- REQUIREMENT: What is needed is a copy of each line in the listing that contains "roll".

- GIVEN DATA:
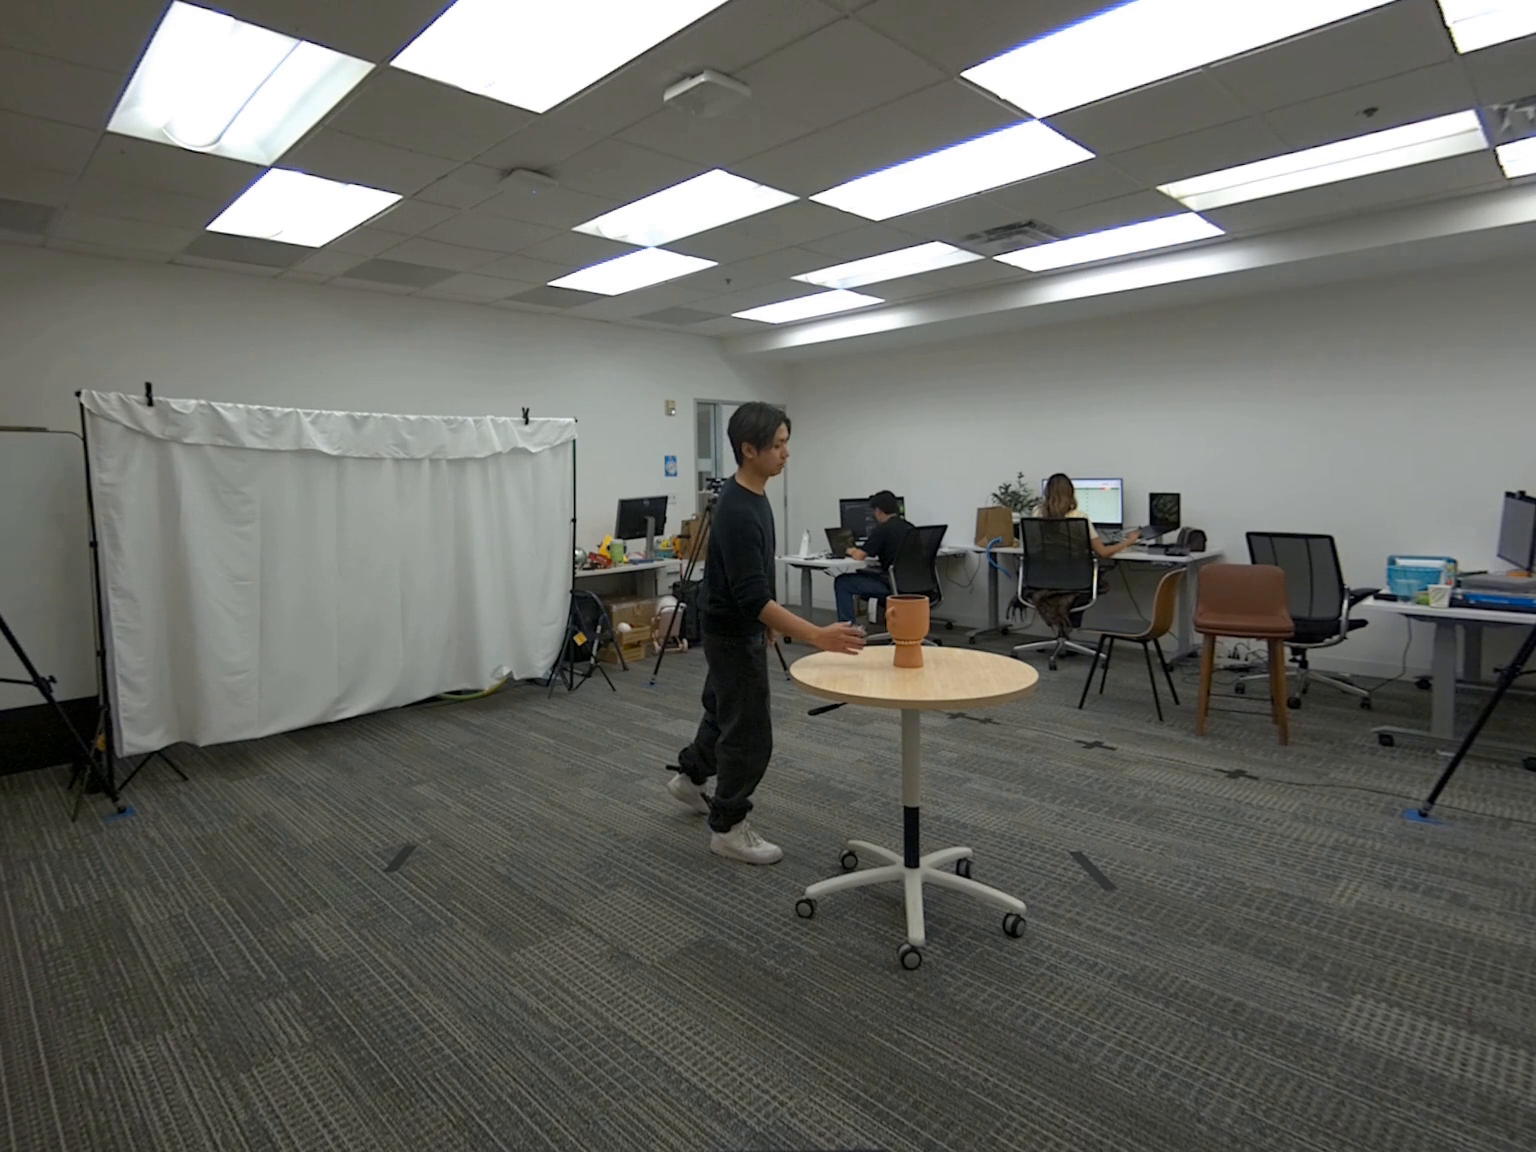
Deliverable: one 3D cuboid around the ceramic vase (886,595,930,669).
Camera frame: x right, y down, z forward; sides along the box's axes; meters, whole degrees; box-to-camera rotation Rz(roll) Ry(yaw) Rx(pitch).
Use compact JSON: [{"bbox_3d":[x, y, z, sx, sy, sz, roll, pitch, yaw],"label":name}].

- RESPONSE TO THE TASK:
Camera frame: x right, y down, z forward; sides along the box's axes; meters, whole degrees; box-to-camera rotation Rz(roll) Ry(yaw) Rx(pitch).
Use compact JSON: [{"bbox_3d":[x, y, z, sx, sy, sz, roll, pitch, yaw],"label":name}].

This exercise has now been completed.